Metapress was founded in 1998 as an online publication platform for content creators to produce and host their printed journal editions online. A division of EBSCO, the platform became one of the world's largest scholarly content hosts, with over 31,000 publications from over 180 publishers. Atypon acquired the Metapress business from EBSCO in 2014, with the Metapress platform to be discontinued and customers moved to Atypon's Literatum platform. Content was migrated to Literatum on May 21, 2015.

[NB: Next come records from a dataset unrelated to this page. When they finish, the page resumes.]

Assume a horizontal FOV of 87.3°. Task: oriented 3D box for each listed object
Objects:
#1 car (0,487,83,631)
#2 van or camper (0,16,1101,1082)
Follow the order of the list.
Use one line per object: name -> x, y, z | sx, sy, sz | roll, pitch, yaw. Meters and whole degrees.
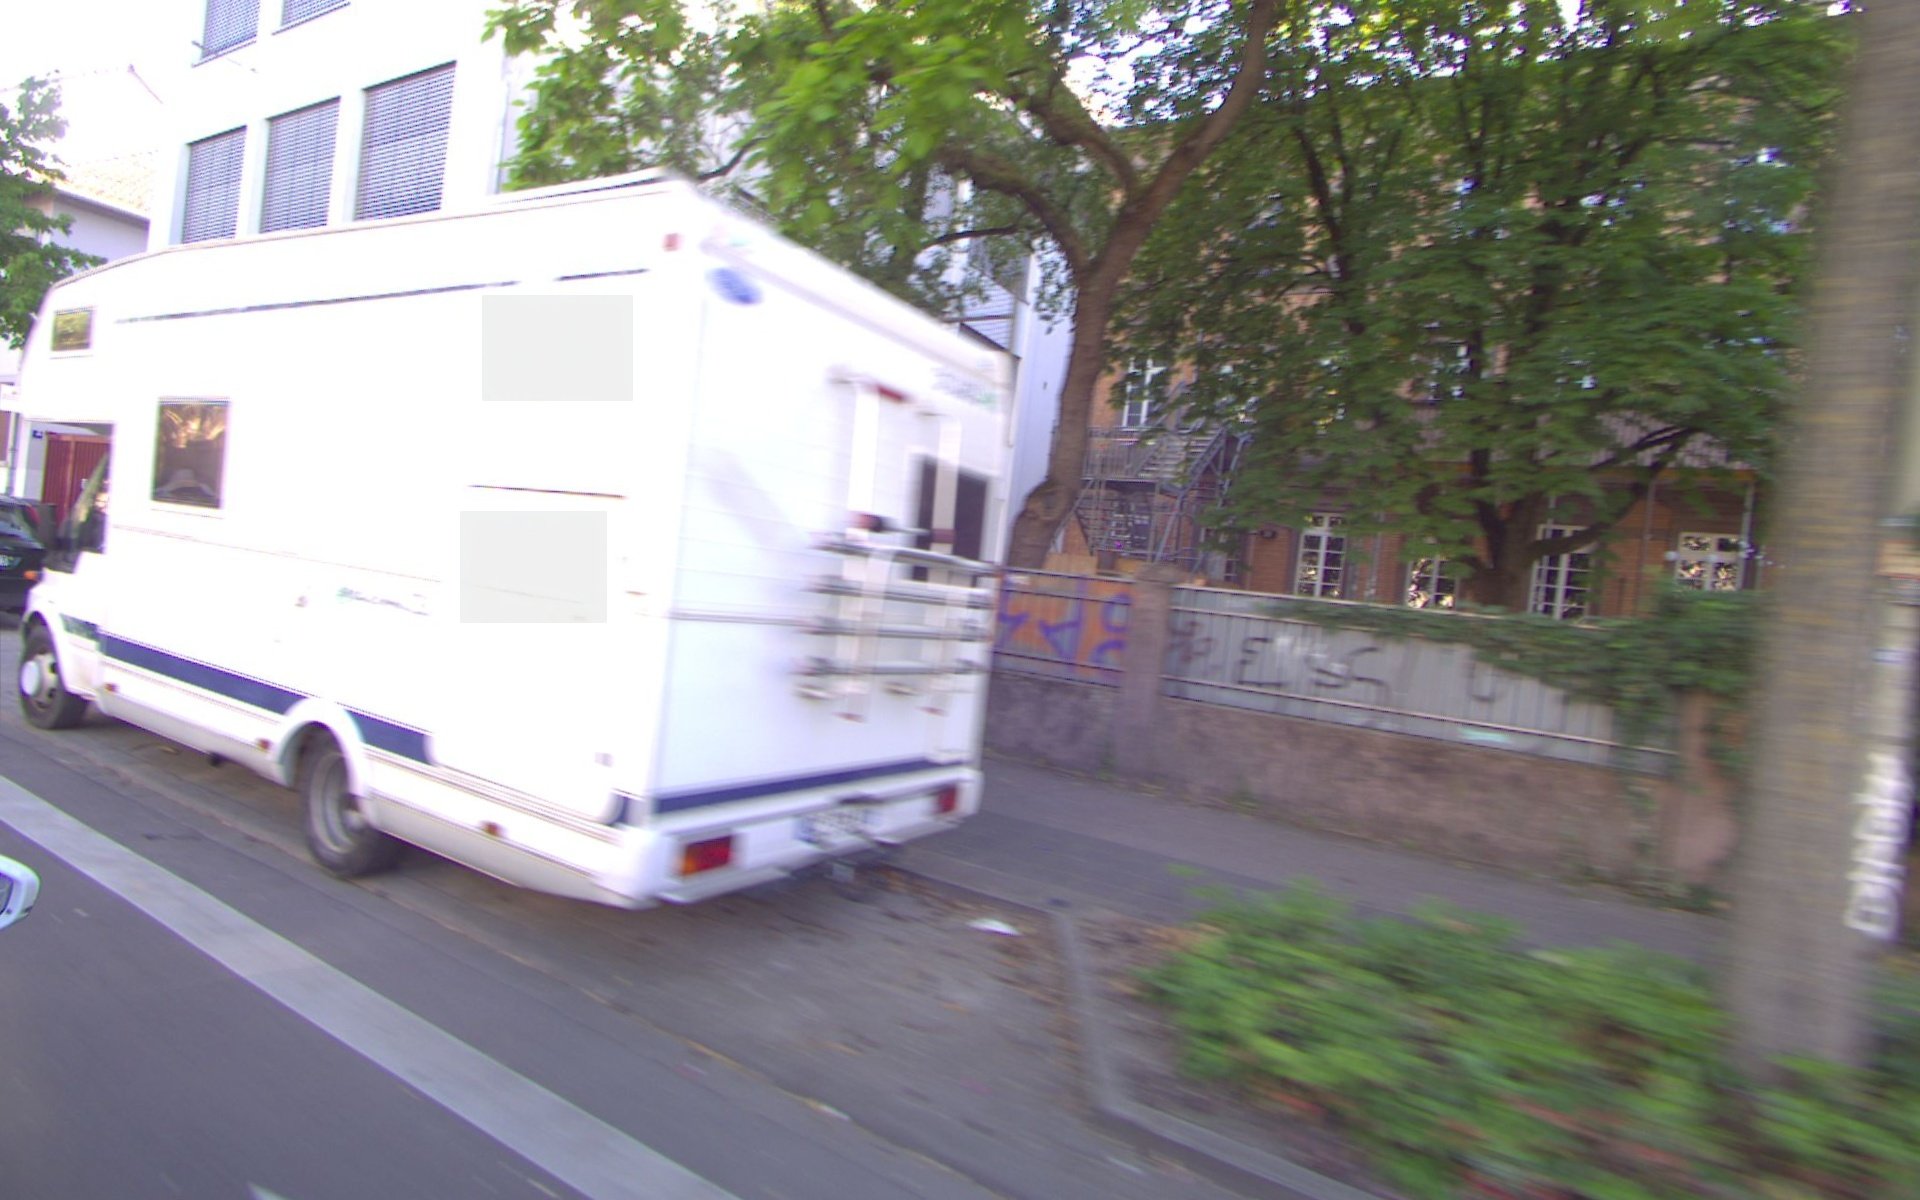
car -> -11.663, -0.640, 11.148 | 3.980, 1.438, 1.688 | 7, 1, 30
van or camper -> -3.203, -0.461, 5.947 | 7.425, 3.168, 2.375 | 7, 3, 32
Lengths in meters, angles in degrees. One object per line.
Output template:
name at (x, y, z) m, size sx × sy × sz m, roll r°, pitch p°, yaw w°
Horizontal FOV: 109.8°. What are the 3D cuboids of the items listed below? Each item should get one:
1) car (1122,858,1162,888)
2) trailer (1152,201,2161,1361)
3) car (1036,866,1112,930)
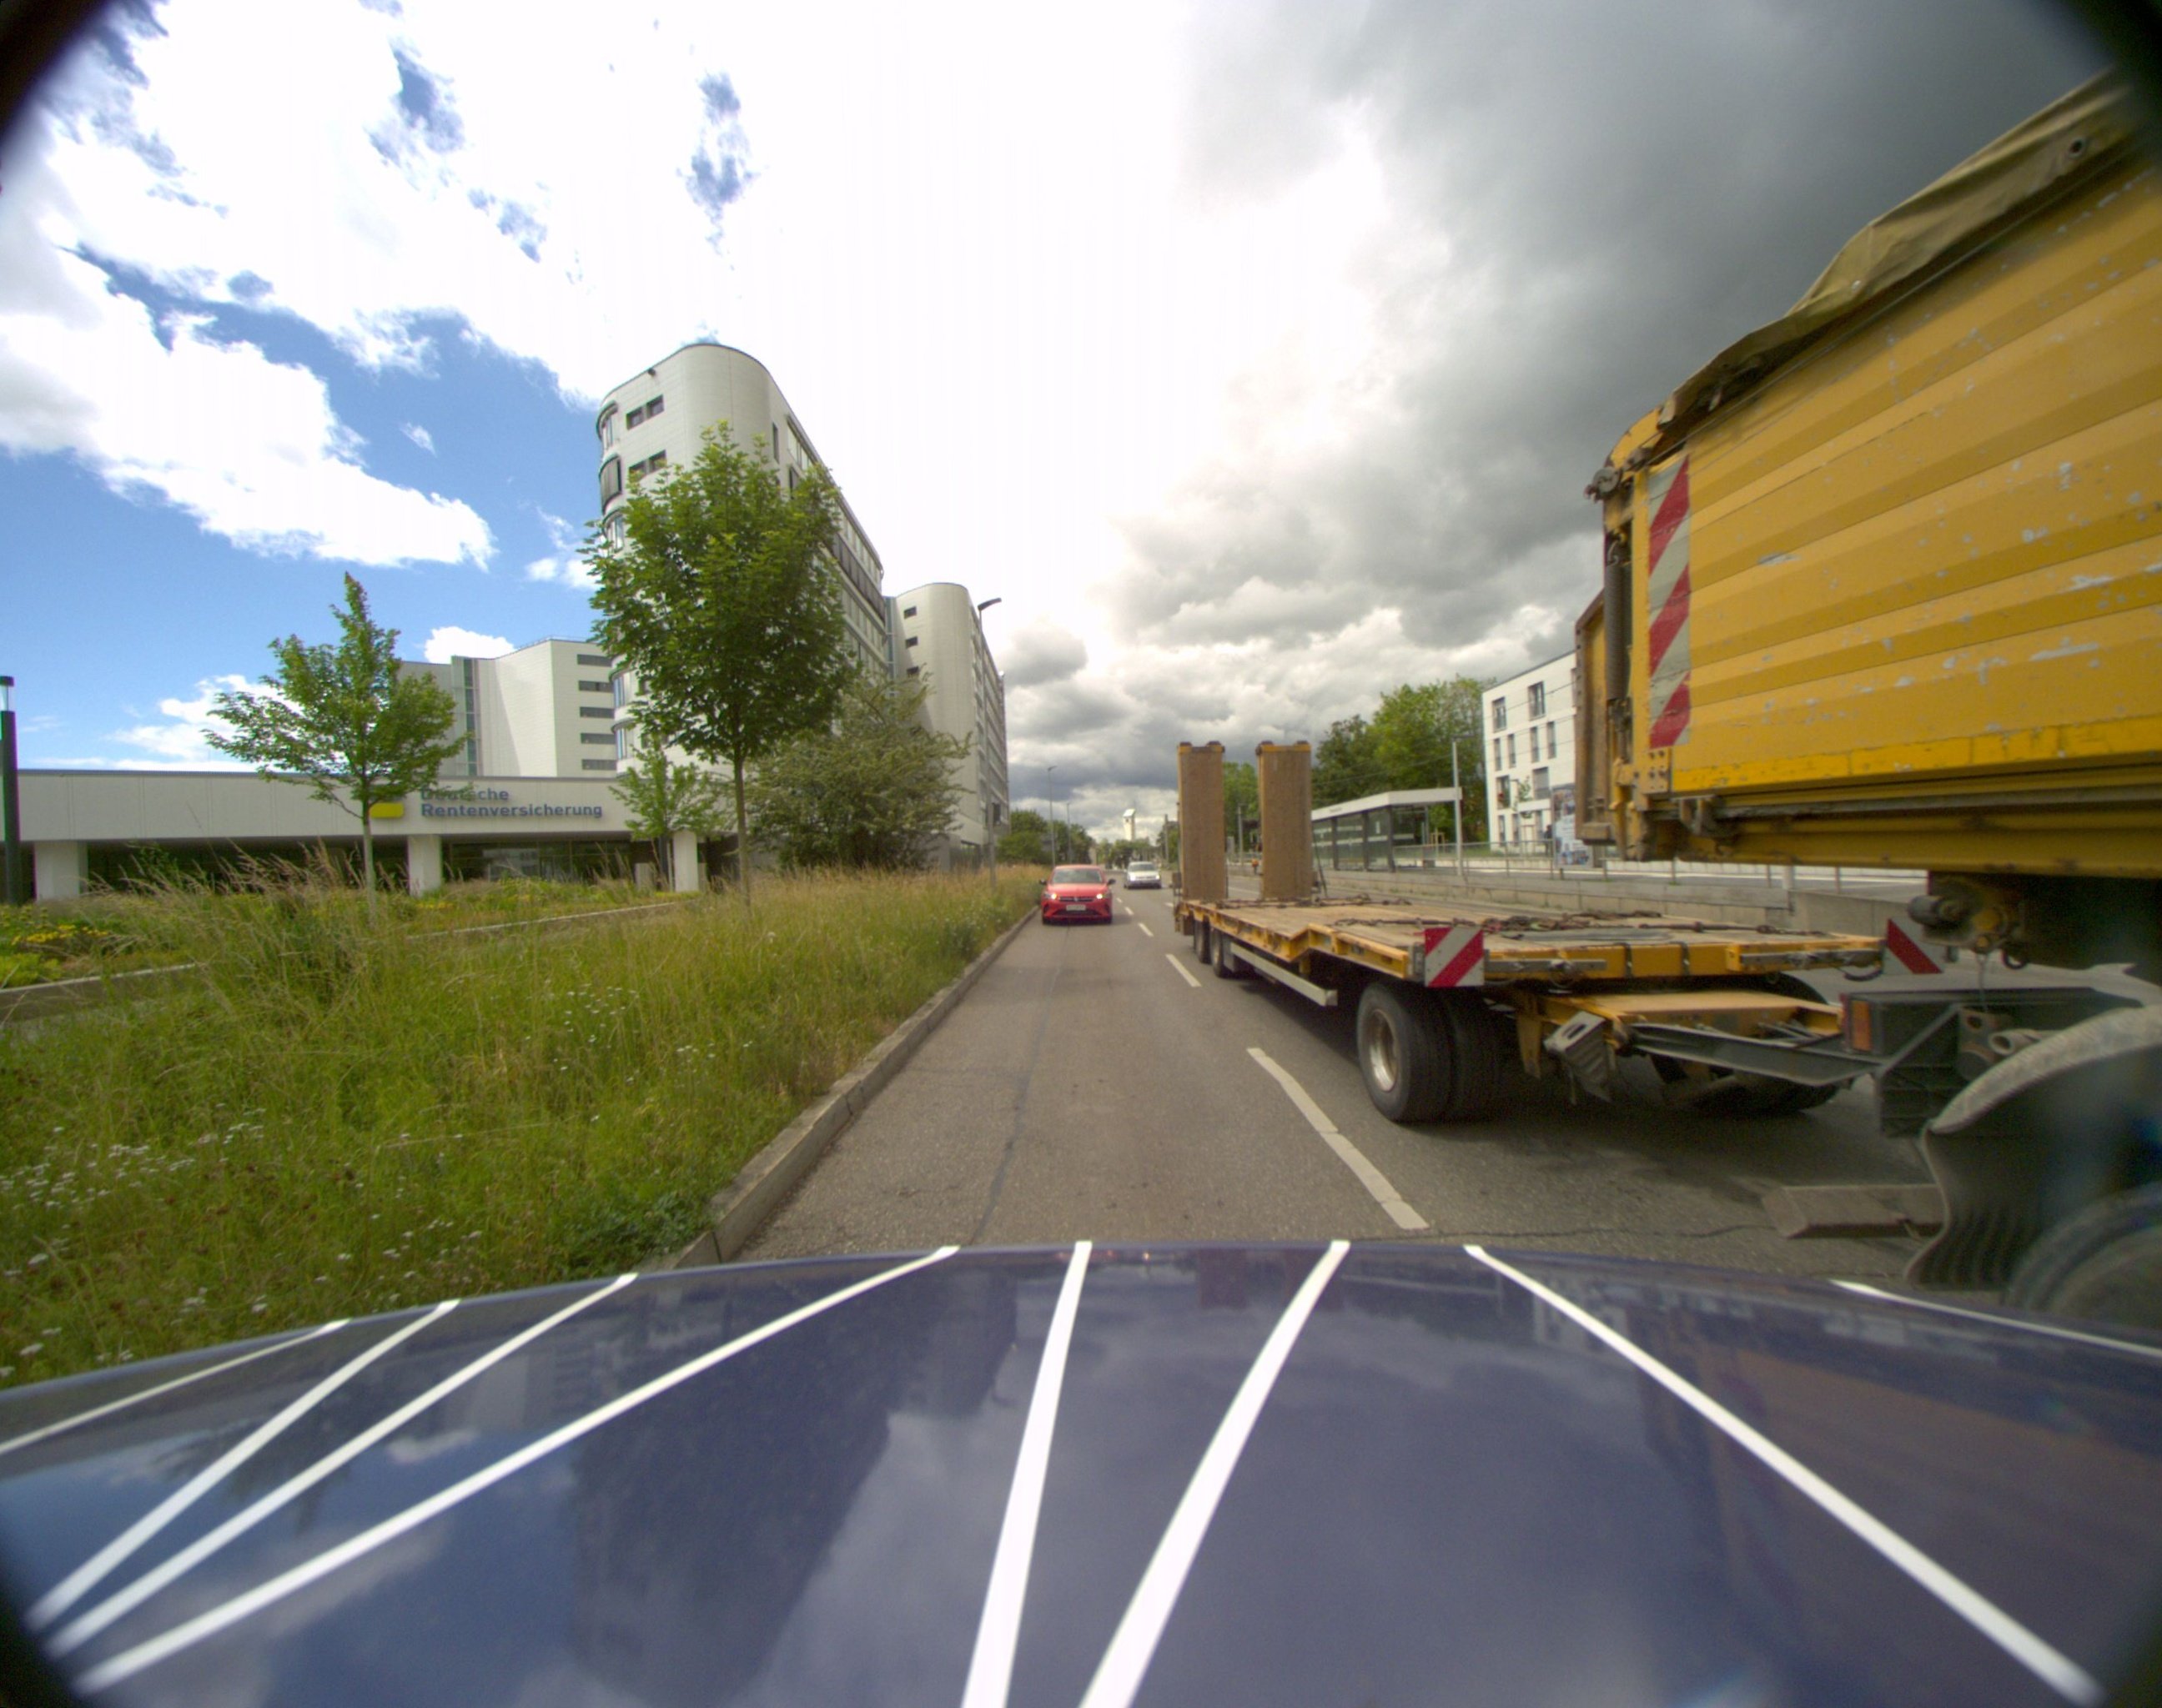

In February 2020, EBSCO Information Services announced their agreement to acquire Zepheira, a company founded in February 2007 and headquartered in Reston, Virginia, with leaders in Semantic Web and who helped develop Dublin Core, BIBFRAME and the Library.Link Network. Following its merger, Zepheira continues to operates as an independent division.

==Products==
- Databases: EBSCO provides a range of library database services. Many of the databases, such as MEDLINE and EconLit, are licensed from content vendors. Others, such as Academic Search, America: History and Life, Art Index, Art Abstracts, Art Full Text, Business Source, Clinical Reference Systems, Criminal Justice Abstracts, Education Abstracts, Environment Complete, Health Source, Historical Abstracts, History Reference Center, MasterFILE, NetLibrary, Primary Search, Professional Development Collection, and USP DI are compiled by EBSCO itself. EBSCO can be configured to route to open access publications through Unpaywall data. The company's Flipster interface also provides access to digital magazines.
- Discovery: Used to create a unified, customized index of an institution's information resources, and a means of accessing all the content from a single search box. The system works by harvesting metadata from both internal and external sources, and then creating a pre-indexed service.
- FOLIO: A microservices software platform in open-source model. EBSCO provides implementation for the core of software, hosting services, as well as actively contributing to its continued development.
- eBooks: Provides ebooks and audiobooks across a wide range of subject matter. EBSCO reports that their database includes over a million ebooks from over 1500 publishers. Provides DRM-protected e-books through its subsidiary NetLibrary, which was purchased in 2010 from Online Computer Library Center. It competes in this market with OverDrive's Digital Library Reserve.
- DynaMedex: A clinical decision support solution. Under a new name, DynaMedex, formerly DynaMed and Micromedex with Watson, continues to enhance clinical decision support and operations for healthcare providers and health systems is a clinical reference tool for physicians and other health care professionals for use at the point-of-care. In 2024, DynaMed was named 2024 Best in KLAS for clinical decision Support clinical resources by KLAS, a research firm that specializes in monitoring and reporting the performance of healthcare vendors. In 2012, it ranked highest among 10 online clinical resources in a study in the Journal of Clinical Epidemiology and also had the highest overall performance in the disease reference product category in two successive reports on clinical decision support resources by KLAS, a research firm that specializes in monitoring and reporting the performance of healthcare vendors.
- EBSCOed: A division focusing on the creation of interoperable learner records, credential wallets, and other services tailored towards the needs of workforce development agencies. EBSCOed is best known for its contributions to the Alabama Talent Triad, a project that seeks to connect Alabama employers with skilled workers.

==Philanthropy==
Since 2015, EBSCO has awarded libraries around the world more than $2,000,000 in grants for solar installations.